FIS reports rise in revenues for Q1 2022
FIS (NYSE:FIS), a global leader in financial services technology, today reported its first quarter 2022 results.
On a GAAP basis, revenue increased by more than $250 million, or 8% as compared to the prior-year period, to $3.5 billion. Net earnings attributable to common stockholders were $120 million or $0.20 per diluted share.
On an organic basis, revenue increased 9% as compared to the prior-year period when excluding the impact of changes in foreign currency exchange rates and inorganic contribution from acquisitions and divestitures.
Adjusted EBITDA was $1.4 billion. Adjusted EBITDA margin was flat at 40.6%, as the company successfully offset rising wage inflation, difficult comparisons created by stimulus-related revenue in the prior-year period and ramping large client wins.
Adjusted net earnings increased 11% as compared to the prior-year period to $904 million, and adjusted net earnings per share increased 13% to $1.47 per diluted share.
Banking Solutions revenue increased by 7% on both a GAAP and an organic basis as compared to the prior-year period to $1.6 billion.

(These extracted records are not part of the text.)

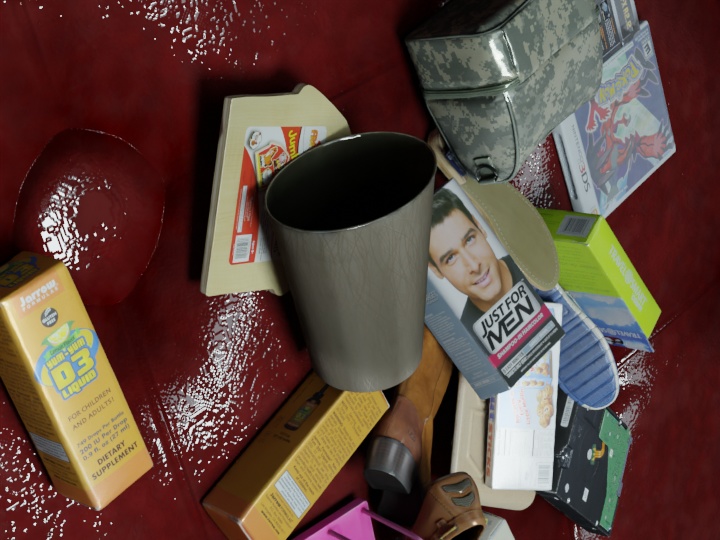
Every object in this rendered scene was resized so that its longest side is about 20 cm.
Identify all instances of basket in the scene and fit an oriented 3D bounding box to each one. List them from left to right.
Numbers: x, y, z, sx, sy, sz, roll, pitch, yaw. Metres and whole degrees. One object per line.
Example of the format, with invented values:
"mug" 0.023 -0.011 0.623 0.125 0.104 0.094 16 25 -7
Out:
"basket" 0.000 0.000 1.143 0.180 0.135 0.203 -37 136 -36

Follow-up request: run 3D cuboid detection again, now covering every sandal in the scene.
"sandal" 0.131 -0.062 1.324 0.213 0.069 0.078 52 49 -12

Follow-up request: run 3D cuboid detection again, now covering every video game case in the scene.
"video game case" 0.308 -0.176 1.489 0.199 0.023 0.184 -40 123 -31

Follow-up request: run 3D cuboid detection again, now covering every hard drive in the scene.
"hard drive" 0.274 0.231 1.496 0.200 0.037 0.142 40 63 -51

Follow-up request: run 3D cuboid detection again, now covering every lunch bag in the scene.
"lunch bag" 0.158 -0.204 1.258 0.200 0.138 0.170 -42 118 -35

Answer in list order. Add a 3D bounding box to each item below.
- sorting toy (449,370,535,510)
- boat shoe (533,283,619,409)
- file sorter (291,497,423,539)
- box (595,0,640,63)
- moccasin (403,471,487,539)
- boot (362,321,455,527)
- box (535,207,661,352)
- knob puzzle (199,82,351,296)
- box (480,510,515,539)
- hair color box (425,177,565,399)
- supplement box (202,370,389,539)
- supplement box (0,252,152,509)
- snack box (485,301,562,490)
"sorting toy" 0.152 0.162 1.378 0.184 0.036 0.204 21 77 -51
"boat shoe" 0.229 0.061 1.384 0.202 0.072 0.072 59 14 -2
"file sorter" -0.025 0.347 1.202 0.198 0.125 0.141 -26 115 -33
"box" 0.234 -0.323 1.374 0.158 0.048 0.202 -40 123 -31
"moccasin" 0.090 0.285 1.238 0.073 0.078 0.203 -9 142 -24
"boot" 0.064 0.160 1.310 0.189 0.067 0.202 59 43 -48
"box" 0.263 0.010 1.416 0.048 0.121 0.200 -56 130 -21
"knob puzzle" -0.070 -0.076 1.146 0.218 0.030 0.223 -25 124 -44
"box" 0.155 0.373 1.423 0.082 0.068 0.202 -44 124 -28
"hair color box" 0.110 0.019 1.257 0.099 0.061 0.201 -38 93 -30
"supplement box" -0.059 0.177 1.185 0.201 0.066 0.069 -50 128 -23
"supplement box" -0.242 0.090 0.987 0.066 0.068 0.202 -37 120 -34
"snack box" 0.177 0.135 1.327 0.071 0.024 0.204 3 91 -13
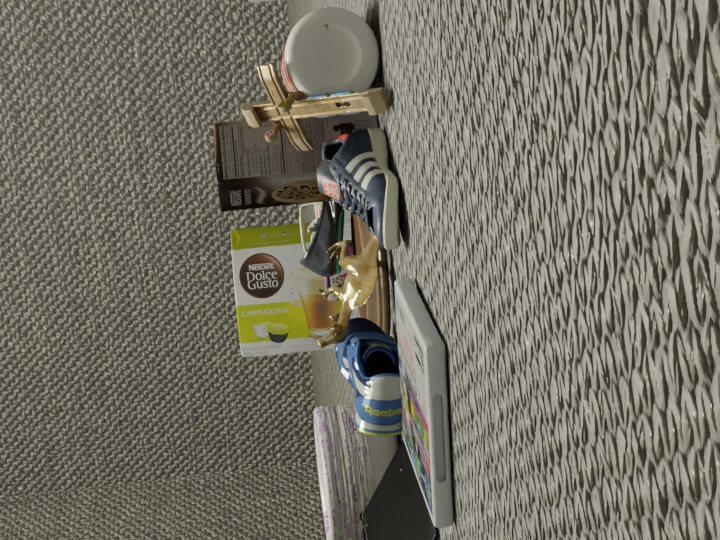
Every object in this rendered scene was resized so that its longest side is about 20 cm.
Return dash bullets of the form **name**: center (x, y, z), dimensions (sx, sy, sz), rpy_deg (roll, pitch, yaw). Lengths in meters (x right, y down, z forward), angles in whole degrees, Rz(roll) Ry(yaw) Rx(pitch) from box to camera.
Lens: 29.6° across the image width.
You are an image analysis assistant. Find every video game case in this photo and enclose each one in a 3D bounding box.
- **video game case**: center (0.062, 0.125, 1.345), dimensions (0.200, 0.023, 0.185), rpy_deg (-113, 18, -71)

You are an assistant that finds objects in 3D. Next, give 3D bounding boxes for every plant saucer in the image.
- **plant saucer**: center (0.011, -0.007, 1.771), dimensions (0.200, 0.029, 0.203), rpy_deg (173, 90, -85)

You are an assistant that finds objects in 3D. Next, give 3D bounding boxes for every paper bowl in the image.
- **paper bowl**: center (0.000, 0.271, 1.758), dimensions (0.201, 0.103, 0.204), rpy_deg (175, 90, -84)

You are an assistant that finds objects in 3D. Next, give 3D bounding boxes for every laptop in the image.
- **laptop**: center (0.070, 0.327, 1.546), dimensions (0.201, 0.115, 0.188), rpy_deg (55, -169, -28)

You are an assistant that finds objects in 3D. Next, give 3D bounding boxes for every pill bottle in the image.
- **pill bottle**: center (-0.040, -0.247, 1.616), dimensions (0.200, 0.108, 0.111), rpy_deg (-143, 48, -83)

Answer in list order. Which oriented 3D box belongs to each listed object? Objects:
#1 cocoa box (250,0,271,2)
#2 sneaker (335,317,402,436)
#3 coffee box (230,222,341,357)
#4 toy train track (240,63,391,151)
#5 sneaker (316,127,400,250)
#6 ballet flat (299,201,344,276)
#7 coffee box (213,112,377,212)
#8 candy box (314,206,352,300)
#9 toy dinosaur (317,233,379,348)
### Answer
- **cocoa box**: center (-0.113, -0.514, 2.037), dimensions (0.201, 0.132, 0.132), rpy_deg (-100, 7, -46)
- **sneaker**: center (0.017, 0.105, 1.594), dimensions (0.201, 0.073, 0.083), rpy_deg (-111, 22, -56)
- **coffee box**: center (-0.132, 0.029, 2.483), dimensions (0.200, 0.197, 0.200), rpy_deg (-115, 20, -77)
- **toy train track**: center (-0.057, -0.175, 1.512), dimensions (0.033, 0.198, 0.115), rpy_deg (-55, -50, -39)
- **sneaker**: center (-0.004, -0.087, 1.511), dimensions (0.201, 0.083, 0.076), rpy_deg (-103, 9, -56)
- **ballet flat**: center (-0.045, -0.094, 1.811), dimensions (0.073, 0.072, 0.203), rpy_deg (-176, 95, -85)
- **coffee box**: center (-0.078, -0.133, 1.661), dimensions (0.113, 0.197, 0.081), rpy_deg (102, 162, -76)
- **candy box**: center (-0.035, -0.077, 2.034), dimensions (0.137, 0.060, 0.202), rpy_deg (90, 173, -52)
- **toy dinosaur**: center (0.000, 0.000, 1.634), dimensions (0.101, 0.058, 0.202), rpy_deg (29, 98, 65)

Capital Market Solutions revenue increased by 5% on a GAAP basis and 6% on an organic basis as compared to the prior-year period to $658 million, primarily due to strong growth in recurring revenue.
Merchant Solutions revenue increased by 15% on both a GAAP and an organic basis as compared to the prior-year period to $1.1 billion.
FIS continued to reduce leverage which will enable the resumption of share repurchase under its existing 100 million share authorization during the second quarter. In addition, FIS increased its quarterly dividend by 21% as compared to the prior-year period to $0.47 per share, paying a total of $287 million in dividends during the first quarter.
“FIS is off to a strong start to the year,” said Gary Norcross, FIS Chairman and Chief Executive Officer. “We chose to continue to invest in new solutions and capabilities to benefit our clients throughout the pandemic. These investments are really paying off by enabling us to drive strong revenue growth and returns. In addition, our team’s focus on execution and robust cash flow enabled us to pay down debt more quickly than anticipated, which will allow us to resume share buybacks a quarter ahead of schedule.”